Non è raro che nella vita capitino dei punti di svolta, che spesso possono essere anche molto dolorosi, rappresentando un prima e un dopo: è esattamente quello che è successo a Marco Bottardi, considerato un ristoratore di successo fino al 2010, che apriva locali e wine bar prima sul lago di Garda e poi a Mantova. Ma a causa di un incidente in moto nell’aprile di quell’anno si frattura irrimediabilmente una vertebra che lo costringe in sedia a rotelle.
La sua è però la storia di una persona instancabile e resiliente che, invece di arrendersi, ha trasformato questa esperienza in una missione: rendere il mondo più accessibile per tutti.
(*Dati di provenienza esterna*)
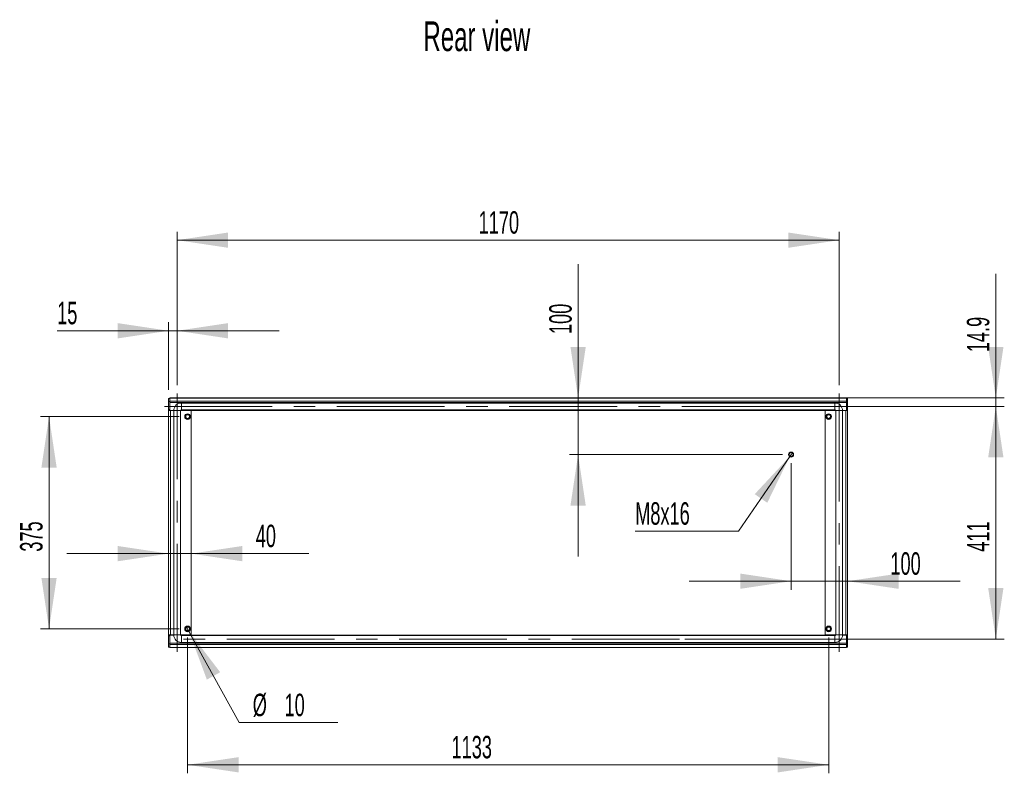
# Model space of a CAD drawing. Header units: millimetres. Extents: x 210 to 4318, y 717 to 2994.
# Tile 2 of 2: x 2577 to 4318, y 1660 to 2992. Entities that reach past the tile are written whole.
import ezdxf

# ---------------------------------------------------------------- set-up
doc = ezdxf.new("R2010")
doc.units = ezdxf.units.MM
doc.header["$LTSCALE"] = 15
doc.linetypes.add('CENTERX2', pattern=[20.32, 12.7, -2.54, 2.54, -2.54])
doc.styles.add('SLDTEXTSTYLE0', font='TXT', dxfattribs={"width": 0.605})
doc.dimstyles.new('SLDDIMSTYLE1', dxfattribs={"dimtxt": 38.52478, "dimasz": 90, "dimexe": 0, "dimexo": 0.0625, "dimgap": 9.631195, "dimtad": 1, "dimrnd": 1e-09, "dimzin": 12, "dimdsep": 46, "dimtxsty": 'SLDTEXTSTYLE0', "dimsah": 1, "dimcen": 0.09, "dimadec": 0, "dimazin": 3, "dimtfac": 1, "dimtofl": 0, "dimtmove": 0, "dimatfit": 3, "dimfxl": 1, "dimfrac": 2, "dimtolj": 1, "dimtzin": 12, "dimarcsym": 0})
doc.dimstyles.new('SLDDIMSTYLE2', dxfattribs={"dimtxt": 38.52478, "dimasz": 90, "dimexe": 0, "dimexo": 0.0625, "dimgap": 9.631195, "dimtad": 1, "dimrnd": 1e-09, "dimzin": 12, "dimdsep": 46, "dimtxsty": 'SLDTEXTSTYLE0', "dimsah": 1, "dimcen": 0.09, "dimadec": 0, "dimazin": 3, "dimtfac": 1, "dimtmove": 0, "dimatfit": 0, "dimfxl": 1, "dimfrac": 2, "dimtolj": 1, "dimtzin": 12, "dimarcsym": 0})
doc.dimstyles.new('SLDDIMSTYLE4', dxfattribs={"dimtxt": 38.52478, "dimasz": 90, "dimexe": 0, "dimexo": 0.0625, "dimgap": 9.631195, "dimtad": 1, "dimdec": 1, "dimrnd": 1e-09, "dimzin": 12, "dimdsep": 46, "dimtxsty": 'SLDTEXTSTYLE0', "dimsah": 1, "dimcen": 0.09, "dimadec": 0, "dimazin": 3, "dimtfac": 1, "dimtdec": 1, "dimtmove": 0, "dimatfit": 0, "dimfxl": 1, "dimfrac": 2, "dimtolj": 1, "dimtzin": 12, "dimarcsym": 0})
doc.dimstyles.new('SLDDIMSTYLE5', dxfattribs={"dimtxt": 38.52478, "dimasz": 90, "dimexe": 0, "dimexo": 0.0625, "dimgap": 9.631195, "dimtad": 0, "dimtih": 1, "dimtoh": 1, "dimrnd": 1e-09, "dimzin": 12, "dimdsep": 46, "dimtxsty": 'SLDTEXTSTYLE0', "dimblk1": 'NONE', "dimsah": 1, "dimcen": 0, "dimadec": 0, "dimazin": 3, "dimtfac": 1, "dimtmove": 0, "dimatfit": 3, "dimldrblk": 'NONE', "dimfxl": 1, "dimfrac": 2, "dimtolj": 1, "dimtzin": 12, "dimarcsym": 0})
doc.dimstyles.new('SLDDIMSTYLE6', dxfattribs={"dimtxt": 38.52478, "dimasz": 90, "dimexe": 0, "dimexo": 0.0625, "dimgap": 9.631195, "dimtad": 1, "dimdec": 0, "dimrnd": 1e-09, "dimzin": 12, "dimdsep": 46, "dimtxsty": 'SLDTEXTSTYLE0', "dimsah": 1, "dimcen": 0.09, "dimadec": 0, "dimazin": 3, "dimtfac": 1, "dimtdec": 0, "dimtmove": 0, "dimatfit": 0, "dimfxl": 1, "dimfrac": 2, "dimtolj": 1, "dimtzin": 12, "dimarcsym": 0})
doc.dimstyles.new('SLDDIMSTYLE7', dxfattribs={"dimtxt": 38.52478, "dimasz": 90, "dimexe": 0, "dimexo": 0.0625, "dimgap": 9.631195, "dimtad": 0, "dimtih": 1, "dimtoh": 1, "dimrnd": 1e-09, "dimzin": 12, "dimdsep": 46, "dimtxsty": 'SLDTEXTSTYLE0', "dimblk1": 'NONE', "dimsah": 1, "dimcen": 0, "dimadec": 0, "dimazin": 3, "dimtfac": 1, "dimtmove": 0, "dimatfit": 3, "dimldrblk": 'NONE', "dimfxl": 1, "dimfrac": 2, "dimtolj": 1, "dimtzin": 12, "dimarcsym": 0})

# ---------------------------------------------------------------- blocks, each defined once
blk = doc.blocks.new('*D8')
at = {"color": 7, "linetype": 'Continuous', "lineweight": 0}
for p, q in [((3753.2, 2308.7), (4317.5, 2308.7)), ((4302.5, 2308.7), (4302.5, 1897.7)), ((3753.2, 1897.7), (4317.5, 1897.7))]:
    blk.add_line(p, q, dxfattribs=at)
for points in [[(4302.5, 2308.7), (4289, 2218.7), (4316, 2218.7)], [(4302.5, 1897.7), (4316, 1987.7), (4289, 1987.7)]]:
    blk.add_solid(points, dxfattribs=at)
at = {"color": 7, "linetype": 'Continuous', "lineweight": 0, "insert": (4251.3, 2052, -17.6), "char_height": 39.69, "attachment_point": 1, "rotation": 90, "style": 'SLDTEXTSTYLE0'}
blk.add_mtext('411', dxfattribs=at)
blk = doc.blocks.new('*D9')
at = {"color": 7, "linetype": 'Continuous', "lineweight": 0}
for p, q in [((4302.5, 2323.6), (4302.5, 2542.7)), ((3853.7, 2323.6), (4317.5, 2323.6)), ((4302.5, 2308.7), (4302.5, 2323.6)), ((3853.2, 2308.7), (4317.5, 2308.7)), ((4302.5, 2308.7), (4302.5, 2128.7))]:
    blk.add_line(p, q, dxfattribs=at)
for points in [[(4302.5, 2323.6), (4316, 2413.6), (4289, 2413.6)], [(4302.5, 2308.7), (4289, 2218.7), (4316, 2218.7)]]:
    blk.add_solid(points, dxfattribs=at)
at = {"color": 7, "linetype": 'Continuous', "lineweight": 0, "insert": (4251.3, 2404.5, -17.6), "char_height": 39.69, "attachment_point": 1, "rotation": 90, "style": 'SLDTEXTSTYLE0'}
blk.add_mtext('14.9', dxfattribs=at)
blk = doc.blocks.new('*D10')
at = {"color": 7, "linetype": 'Continuous', "lineweight": 0}
for p, q in [((2855.7, 2346.3), (2855.7, 2617.5)), ((4025.7, 2346.3), (4025.7, 2617.5)), ((2855.7, 2602.5), (4025.7, 2602.5))]:
    blk.add_line(p, q, dxfattribs=at)
for points in [[(2855.7, 2602.5), (2945.7, 2589), (2945.7, 2616)], [(4025.7, 2602.5), (3935.7, 2616), (3935.7, 2589)]]:
    blk.add_solid(points, dxfattribs=at)
at = {"color": 7, "linetype": 'Continuous', "lineweight": 0, "insert": (3388.5, 2653.7, -17.6), "char_height": 39.69, "attachment_point": 1, "style": 'SLDTEXTSTYLE0'}
blk.add_mtext('1170', dxfattribs=at)
blk = doc.blocks.new('*D11')
at = {"color": 7, "linetype": 'Continuous', "lineweight": 0}
for p, q in [((2840.7, 2337.9), (2840.7, 2457.4)), ((2855.7, 2346.3), (2855.7, 2457.4)), ((2840.7, 2442.4), (2643.6, 2442.4)), ((2855.7, 2442.4), (2840.7, 2442.4)), ((2855.7, 2442.4), (3035.7, 2442.4))]:
    blk.add_line(p, q, dxfattribs=at)
for points in [[(2840.7, 2442.4), (2750.7, 2455.9), (2750.7, 2428.9)], [(2855.7, 2442.4), (2945.7, 2428.9), (2945.7, 2455.9)]]:
    blk.add_solid(points, dxfattribs=at)
at = {"color": 7, "linetype": 'Continuous', "lineweight": 0, "insert": (2643.6, 2493.6, -17.6), "char_height": 39.69, "attachment_point": 1, "style": 'SLDTEXTSTYLE0'}
blk.add_mtext('15', dxfattribs=at)
blk = doc.blocks.new('*D12')
at = {"color": 7, "linetype": 'Continuous', "lineweight": 0}
for p, q in [((2859.2, 2290.7), (2614.3, 2290.7)), ((2629.3, 2290.7), (2629.3, 1915.7)), ((2859.2, 1915.7), (2614.3, 1915.7))]:
    blk.add_line(p, q, dxfattribs=at)
for points in [[(2629.3, 2290.7), (2615.8, 2200.7), (2642.8, 2200.7)], [(2629.3, 1915.7), (2642.8, 2005.7), (2615.8, 2005.7)]]:
    blk.add_solid(points, dxfattribs=at)
at = {"color": 7, "linetype": 'Continuous', "lineweight": 0, "insert": (2578.1, 2052, -17.6), "char_height": 39.69, "attachment_point": 1, "rotation": 90, "style": 'SLDTEXTSTYLE0'}
blk.add_mtext('375', dxfattribs=at)
blk = doc.blocks.new('*D13')
at = {"color": 7, "linetype": 'Continuous', "lineweight": 0}
for p, q in [((2874.2, 1900.7), (2874.2, 1660.5)), ((4007.2, 1900.7), (4007.2, 1660.5)), ((2874.2, 1675.5), (4007.2, 1675.5))]:
    blk.add_line(p, q, dxfattribs=at)
for points in [[(2874.2, 1675.5), (2964.2, 1662), (2964.2, 1689)], [(4007.2, 1675.5), (3917.2, 1689), (3917.2, 1662)]]:
    blk.add_solid(points, dxfattribs=at)
at = {"color": 7, "linetype": 'Continuous', "lineweight": 0, "insert": (3340.6, 1726.6, -17.6), "char_height": 39.69, "attachment_point": 1, "style": 'SLDTEXTSTYLE0'}
blk.add_mtext('1133', dxfattribs=at)
blk = doc.blocks.new('*D15')
at = {"color": 7, "linetype": 'Continuous', "lineweight": 0}
for p, q in [((2871.8, 1920.1), (2876.6, 1911.3)), ((2876.6, 1911.3), (2965.5, 1750)), ((2965.5, 1750), (3139.6, 1750))]:
    blk.add_line(p, q, dxfattribs=at)
blk.add_solid([(2876.6, 1911.3), (2908.2, 1826), (2931.8, 1839)], dxfattribs=at)
at = {"color": 7, "linetype": 'Continuous', "lineweight": 0, "char_height": 39.69, "attachment_point": 1, "style": 'SLDTEXTSTYLE0'}
for s, insert in [('%%c', (2989.3, 1801.1, -17.6)), ('10', (3045.5, 1801.1, -17.6))]:
    blk.add_mtext(s, dxfattribs=dict(at, insert=insert))
blk = doc.blocks.new('_NONE')
blk = doc.blocks.new('*D16')
at = {"color": 7, "linetype": 'Continuous', "lineweight": 0}
for p, q in [((2840.7, 2048.6), (2660.7, 2048.6)), ((2880.7, 2048.6), (2840.7, 2048.6)), ((2880.7, 2048.6), (3088.7, 2048.6))]:
    blk.add_line(p, q, dxfattribs=at)
for points in [[(2840.7, 2048.6), (2750.7, 2062.1), (2750.7, 2035.1)], [(2880.7, 2048.6), (2970.7, 2035.1), (2970.7, 2062.1)]]:
    blk.add_solid(points, dxfattribs=at)
at = {"color": 7, "linetype": 'Continuous', "lineweight": 0, "insert": (2994.6, 2099.7, -17.6), "char_height": 39.69, "attachment_point": 1, "style": 'SLDTEXTSTYLE0'}
blk.add_mtext('40', dxfattribs=at)
blk = doc.blocks.new('*D17')
at = {"color": 7, "linetype": 'Continuous', "lineweight": 0}
for p, q in [((3564.3, 2323.6), (3564.3, 2560.1)), ((3564.3, 2323.6), (3564.3, 2223.6)), ((3925.7, 2223.6), (3549.3, 2223.6)), ((3564.3, 2223.6), (3564.3, 2043.6))]:
    blk.add_line(p, q, dxfattribs=at)
for points in [[(3564.3, 2323.6), (3577.8, 2413.6), (3550.8, 2413.6)], [(3564.3, 2223.6), (3550.8, 2133.6), (3577.8, 2133.6)]]:
    blk.add_solid(points, dxfattribs=at)
at = {"color": 7, "linetype": 'Continuous', "lineweight": 0, "insert": (3513.2, 2436.6, -17.6), "char_height": 39.69, "attachment_point": 1, "rotation": 90, "style": 'SLDTEXTSTYLE0'}
blk.add_mtext('100', dxfattribs=at)
blk = doc.blocks.new('*D18')
at = {"color": 7, "linetype": 'Continuous', "lineweight": 0}
for p, q in [((3940.7, 2208.6), (3940.7, 1984.9)), ((3940.7, 1999.9), (3760.7, 1999.9)), ((3940.7, 1999.9), (4040.7, 1999.9)), ((4040.7, 1999.9), (4239.7, 1999.9))]:
    blk.add_line(p, q, dxfattribs=at)
for points in [[(3940.7, 1999.9), (3850.7, 2013.4), (3850.7, 1986.4)], [(4040.7, 1999.9), (4130.7, 1986.4), (4130.7, 2013.4)]]:
    blk.add_solid(points, dxfattribs=at)
at = {"color": 7, "linetype": 'Continuous', "lineweight": 0, "insert": (4116.2, 2051, -17.6), "char_height": 39.69, "attachment_point": 1, "style": 'SLDTEXTSTYLE0'}
blk.add_mtext('100', dxfattribs=at)
blk = doc.blocks.new('*D19')
at = {"color": 7, "linetype": 'Continuous', "lineweight": 0}
for p, q in [((3938.4, 2220.3), (3847.8, 2088.2)), ((3942.9, 2226.9), (3938.4, 2220.3)), ((3847.8, 2088.2), (3665.2, 2088.2))]:
    blk.add_line(p, q, dxfattribs=at)
blk.add_solid([(3938.4, 2220.3), (3876.4, 2153.7), (3898.6, 2138.5)], dxfattribs=at)
at = {"color": 7, "linetype": 'Continuous', "lineweight": 0, "insert": (3665.2, 2139.4, -17.6), "char_height": 39.69, "attachment_point": 1, "style": 'SLDTEXTSTYLE0'}
blk.add_mtext('M8x16', dxfattribs=at)

msp = doc.modelspace()

# ---------------------------------------------------------------- linework, layer by layer
at = {"color": 7, "linetype": 'Continuous', "lineweight": 0}
for p, q in [((2840.672149, 2317.393694), (2840.672149, 2322.915961)), ((2840.672149, 2322.915961), (2842.672149, 2322.915961)), ((2840.672149, 2303.337843), (2840.672149, 2317.393694)), ((2840.672149, 2317.393694), (2842.672149, 2317.393694)), ((4038.672149, 2323.608261), (2842.672149, 2323.608261)), ((2842.672149, 2323.608261), (2842.672149, 2323.55363)), ((2842.672149, 2323.55363), (4038.672149, 2323.55363)), ((2842.672149, 2323.55363), (2842.672149, 2318.239716)), ((2842.672149, 2318.239716), (4038.672149, 2318.239716)), ((2842.672149, 2318.239716), (2842.672149, 2315.794347)), ((2842.672149, 2315.794347), (4038.672149, 2315.794347)), ((2842.672149, 2315.794347), (2842.672149, 2301.731565)), ((2863.122149, 2302.708261), (2863.122149, 2314.708261)), ((2863.122149, 2314.708261), (4018.222149, 2314.708261)), ((4018.222149, 2302.708261), (4018.222149, 2314.708261)), ((4038.672149, 2323.55363), (4038.672149, 2323.608261)), ((4038.672149, 2318.239716), (4038.672149, 2323.55363)), ((4040.672149, 2322.915961), (4038.672149, 2322.915961)), ((4038.672149, 2315.794347), (4038.672149, 2318.239716)), ((4040.672149, 2317.393694), (4038.672149, 2317.393694)), ((4038.672149, 2301.731565), (4038.672149, 2315.794347)), ((4040.672149, 2322.915961), (4040.672149, 2317.393694)), ((4040.672149, 2317.393694), (4040.672149, 2303.337843)), ((2840.672149, 2303.337843), (2842.672149, 2303.337843)), ((2840.672149, 2301.337843), (2840.672149, 2303.337843)), ((2840.672149, 1905.07868), (2840.672149, 2301.337843)), ((2843.671205, 2301.337843), (2840.672149, 2301.337843)), ((2842.672149, 2301.731565), (2849.680479, 2301.731565)), ((2842.672149, 2301.337843), (2842.672149, 2301.731565)), ((2843.671205, 1905.07868), (2843.671205, 2301.337843)), ((2843.671205, 2301.337843), (2849.672384, 2301.337843)), ((2861.672149, 2301.258261), (2849.672149, 2301.258261)), ((2849.672149, 1905.158261), (2849.672149, 2301.258261)), ((2861.672149, 2301.258261), (2861.672149, 1905.158261)), ((2861.674335, 2301.337843), (2880.672149, 2301.337843)), ((2861.751571, 2301.731565), (4019.592727, 2301.731565)), ((4018.222149, 2302.708261), (2863.122149, 2302.708261)), ((2880.672149, 2301.337843), (2880.672149, 1905.07868)), ((4000.672149, 1905.07868), (4000.672149, 2301.337843)), ((4000.672149, 2301.337843), (4019.669964, 2301.337843)), ((4019.672149, 2301.258261), (4031.672149, 2301.258261)), ((4019.672149, 1905.158261), (4019.672149, 2301.258261)), ((4031.663819, 2301.731565), (4038.672149, 2301.731565)), ((4031.671914, 2301.337843), (4037.673093, 2301.337843)), ((4031.672149, 2301.258261), (4031.672149, 1905.158261)), ((4037.673093, 2301.337843), (4037.673093, 1905.07868)), ((4040.672149, 2301.337843), (4037.673093, 2301.337843)), ((4040.672149, 2303.337843), (4038.672149, 2303.337843)), ((4038.672149, 2301.731565), (4038.672149, 2301.337843)), ((4040.672149, 2303.337843), (4040.672149, 2301.337843)), ((4040.672149, 2301.337843), (4040.672149, 1905.07868)), ((2840.672149, 1905.07868), (2843.671205, 1905.07868)), ((2840.672149, 1903.07868), (2840.672149, 1905.07868)), ((2840.672149, 1889.022828), (2840.672149, 1903.07868)), ((2840.672149, 1903.07868), (2842.672149, 1903.07868)), ((2842.672149, 1904.684958), (2842.672149, 1905.07868)), ((2842.672149, 1904.684958), (2842.672149, 1890.622175)), ((2849.680479, 1904.684958), (2842.672149, 1904.684958)), ((2849.672384, 1905.07868), (2843.671205, 1905.07868)), ((2861.672149, 1905.158261), (2849.672149, 1905.158261)), ((2880.672149, 1905.07868), (2861.674335, 1905.07868)), ((4019.592727, 1904.684958), (2861.751571, 1904.684958)), ((2863.122149, 1903.708261), (2863.122149, 1891.708261)), ((2863.122149, 1903.708261), (4018.222149, 1903.708261)), ((4019.669964, 1905.07868), (4000.672149, 1905.07868)), ((4018.222149, 1891.708261), (4018.222149, 1903.708261)), ((4019.672149, 1905.158261), (4031.672149, 1905.158261)), ((4038.672149, 1904.684958), (4031.663819, 1904.684958)), ((4037.673093, 1905.07868), (4031.671914, 1905.07868)), ((4037.673093, 1905.07868), (4040.672149, 1905.07868)), ((4038.672149, 1905.07868), (4038.672149, 1904.684958)), ((4038.672149, 1890.622175), (4038.672149, 1904.684958)), ((4040.672149, 1903.07868), (4038.672149, 1903.07868)), ((4040.672149, 1905.07868), (4040.672149, 1903.07868)), ((4040.672149, 1903.07868), (4040.672149, 1889.022828)), ((2840.672149, 1889.022828), (2842.672149, 1889.022828)), ((2840.672149, 1883.500562), (2840.672149, 1889.022828)), ((2840.672149, 1883.500562), (2842.672149, 1883.500562)), ((4038.672149, 1890.622175), (2842.672149, 1890.622175)), ((2842.672149, 1890.622175), (2842.672149, 1888.176806)), ((4038.672149, 1888.176806), (2842.672149, 1888.176806)), ((2842.672149, 1888.176806), (2842.672149, 1882.862892)), ((4038.672149, 1882.862892), (2842.672149, 1882.862892)), ((2842.672149, 1882.862892), (2842.672149, 1882.808261)), ((2842.672149, 1882.808261), (4038.672149, 1882.808261)), ((4018.222149, 1891.708261), (2863.122149, 1891.708261)), ((4038.672149, 1888.176806), (4038.672149, 1890.622175)), ((4040.672149, 1889.022828), (4038.672149, 1889.022828)), ((4038.672149, 1882.862892), (4038.672149, 1888.176806)), ((4040.672149, 1883.500562), (4038.672149, 1883.500562)), ((4038.672149, 1882.808261), (4038.672149, 1882.862892)), ((4040.672149, 1889.022828), (4040.672149, 1883.500562))]:
    msp.add_line(p, q, dxfattribs=at)
at = {"color": 7, "linetype": 'CENTERX2', "lineweight": 0}
for p, q in [((2855.672149, 1875.158261), (2855.672149, 2331.258261)), ((2855.672149, 1875.158261), (2855.672149, 2331.258261)), ((4025.672149, 2331.258261), (4025.672149, 1875.158261)), ((4025.672149, 2331.258261), (4025.672149, 1875.158261)), ((2833.122149, 2308.708261), (4048.222149, 2308.708261)), ((2833.122149, 2308.708261), (4048.222149, 2308.708261)), ((4048.222149, 1897.708261), (2833.122149, 1897.708261))]:
    msp.add_line(p, q, dxfattribs=at)
at = {"color": 18, "linetype": 'Continuous', "lineweight": 0}
for p, q in [((2843.672149, 2301.337843), (2843.672149, 2301.731565)), ((4037.672149, 2301.731565), (4037.672149, 2301.337843)), ((2843.672149, 1904.684958), (2843.672149, 1905.07868)), ((4037.672149, 1905.07868), (4037.672149, 1904.684958))]:
    msp.add_line(p, q, dxfattribs=at)
at = {"color": 7, "linetype": 'Continuous', "lineweight": 0}
for centre, radius in [((2874.172149, 2290.708261), 5), ((2874.172149, 2290.708261), 4), ((2874.172149, 2290.708261), 3.2), ((4007.172149, 2290.708261), 5), ((4007.172149, 2290.708261), 4), ((4007.172149, 2290.708261), 3.2), ((3940.672149, 2223.608261), 4.5), ((3940.672149, 2223.608261), 4), ((3940.672149, 2223.608261), 3.5), ((2874.172149, 1915.708261), 5), ((2874.172149, 1915.708261), 4), ((2874.172149, 1915.708261), 3.2), ((4007.172149, 1915.708261), 5), ((4007.172149, 1915.708261), 4), ((4007.172149, 1915.708261), 3.2)]:
    msp.add_circle(centre, radius, dxfattribs=at)
for centre, radius, start, end in [((2863.122149, 2301.258261), 13.45, 90, 180), ((4018.222149, 2301.258261), 13.45, 0, 90), ((2863.122149, 2301.258261), 1.45, 90, 180), ((4018.222149, 2301.258261), 1.45, 0, 90), ((2863.122149, 1905.158261), 13.45, 180, 270), ((2863.122149, 1905.158261), 1.45, 180, 270), ((4018.222149, 1905.158261), 1.45, 270, 0), ((4018.222149, 1905.158261), 13.45, 270, 0)]:
    msp.add_arc(centre, radius, start, end, dxfattribs=at)

# ---------------------------------------------------------------- texts
at = {"color": 7, "linetype": 'Continuous', "lineweight": 0, "insert": (3290.957746, 2989.036089), "char_height": 52.5, "attachment_point": 1, "style": 'SLDTEXTSTYLE0'}
msp.add_mtext('Rear view', dxfattribs=at)

# ---------------------------------------------------------------- dimensions: what is measured, and where the dimension line sits
at = {"color": 7, "linetype": 'Continuous', "lineweight": 0}
for base, p1, p2, dimstyle, picture, middle in [((4025.672149, 2602.525061), (2855.672149, 2331.258261), (4025.672149, 2331.258261), 'SLDDIMSTYLE1', '*D10', (3464.901726, 2602.525061)), ((2840.672149, 2442.418713), (2855.672149, 2331.258261), (2840.672149, 2322.915961), 'SLDDIMSTYLE2', '*D11', (2690.660032, 2442.418713)), ((4040.672149, 1999.877143), (3940.672149, 2223.608261), (4040.672149, 1883.500562), 'SLDDIMSTYLE2', '*D18', (4177.913979, 1999.877143)), ((2840.672149, 2048.554793), (2880.672149, 1905.07868), (2840.672149, 1883.500562), 'SLDDIMSTYLE2', '*D16', (3041.622214, 2048.554793)), ((4007.172149, 1675.450828), (2874.172149, 1915.708261), (4007.172149, 1915.708261), 'SLDDIMSTYLE1', '*D13', (3417.077752, 1675.450828))]:
    dim = msp.add_linear_dim(base=base, p1=p1, p2=p2, dimstyle=dimstyle, dxfattribs=at)
    dim.commit()
    dim.dimension.update_dxf_attribs({"geometry": picture, "text_midpoint": middle, "dimtype": 160})
for base, p1, p2, dimstyle, picture, middle in [((3564.335045, 2223.608261), (4038.672149, 2323.55363), (3940.672149, 2223.608261), 'SLDDIMSTYLE6', '*D17', (3564.335045, 2498.321124)), ((4302.504823, 2323.55363), (3838.222149, 2308.708261), (3838.672149, 2323.55363), 'SLDDIMSTYLE4', '*D9', (4302.504823, 2473.608261)), ((4302.504823, 1897.708261), (3738.222149, 2308.708261), (3738.222149, 1897.708261), 'SLDDIMSTYLE1', '*D8', (4302.504823, 2113.701034)), ((2629.298491, 1915.708261), (2874.172149, 2290.708261), (2874.172149, 1915.708261), 'SLDDIMSTYLE1', '*D12', (2629.298491, 2113.701034))]:
    dim = msp.add_linear_dim(base=base, p1=p1, p2=p2, angle=90, dimstyle=dimstyle, dxfattribs=at)
    dim.commit()
    dim.dimension.update_dxf_attribs({"geometry": picture, "text_midpoint": middle, "dimtype": 160})
dim = msp.add_diameter_dim_2p(p1=(3942.934696, 2226.906879), p2=(3938.409602, 2220.309643), text='M8x16', dimstyle='SLDDIMSTYLE7', override={"dimpost": '<>'}, dxfattribs=at)
dim.commit()
dim.dimension.update_dxf_attribs({"geometry": '*D19', "text_midpoint": (3744.610088, 2117.786256), "dimtype": 163})
dim = msp.add_diameter_dim_2p(p1=(2871.759495, 1920.087656), p2=(2876.584803, 1911.328866), dimstyle='SLDDIMSTYLE5', dxfattribs=at)
dim.commit()
dim.dimension.update_dxf_attribs({"geometry": '*D15', "text_midpoint": (3064.439886, 1782.035319), "dimtype": 163})

doc.saveas('drawing.dxf')

Milioni di persone convivono quotidianamente con una disabilità o hanno una mobilità ridotta: “mi sono accorto che anche un piccolo gradino di 4 centimetri può essere una barriera insormontabile”, racconta Bottardi, “ma ho pure capito che potevo ancora fare tantissimo”.
Così nel 2022 è nata World4All, una startup innovativa che vuole trasformare l’accessibilità in un valore condiviso che genera impatto economico e sociale. Forte della sua esperienza nel mondo della ristorazione, Marco ha subito identificato quelle barriere che in bar, ristoranti o alberghi possono rappresentare degli ostacoli per persone con una mobilità ridotta.
Per riuscire quindi a garantire a milioni di persone l’accesso sicuro e verificato a luoghi pubblici e privati, World4all ha lanciato il suo primo round di equity crowdfunding su Mamacrowd, per espandere la propria piattaforma tecnologica e rafforzare la propria rete nel territorio italiano, con l’ambizione di uno sviluppo internazionale.
Condividere un’idea per un progetto di business
Alla base di World4All c’è anche l’amicizia tra Marco Bottardi e Marvin Milanese, CEO dell’agenzia di comunicazione Magma: “quando Marco è entrato in agenzia era un fiume di proposte, di energia, di carisma”, racconta Milanese, cofondatore e CEO di World4all, “ma tutte quelle idee e quello spessore avevano bisogno di struttura”.
Così dall’estate 2019 è nata una collaborazione che ha portato poi alla creazione della startup, con un approccio chiaro fin dall’inizio: non fare volontariato, ma business con un forte impatto etico. “Vedevamo un’opportunità di business importante legata a un impatto sociale enorme”, spiega Marvin: “in Italia ci sono circa 13 milioni di persone con mobilità ridotta e un miliardo nel mondo”.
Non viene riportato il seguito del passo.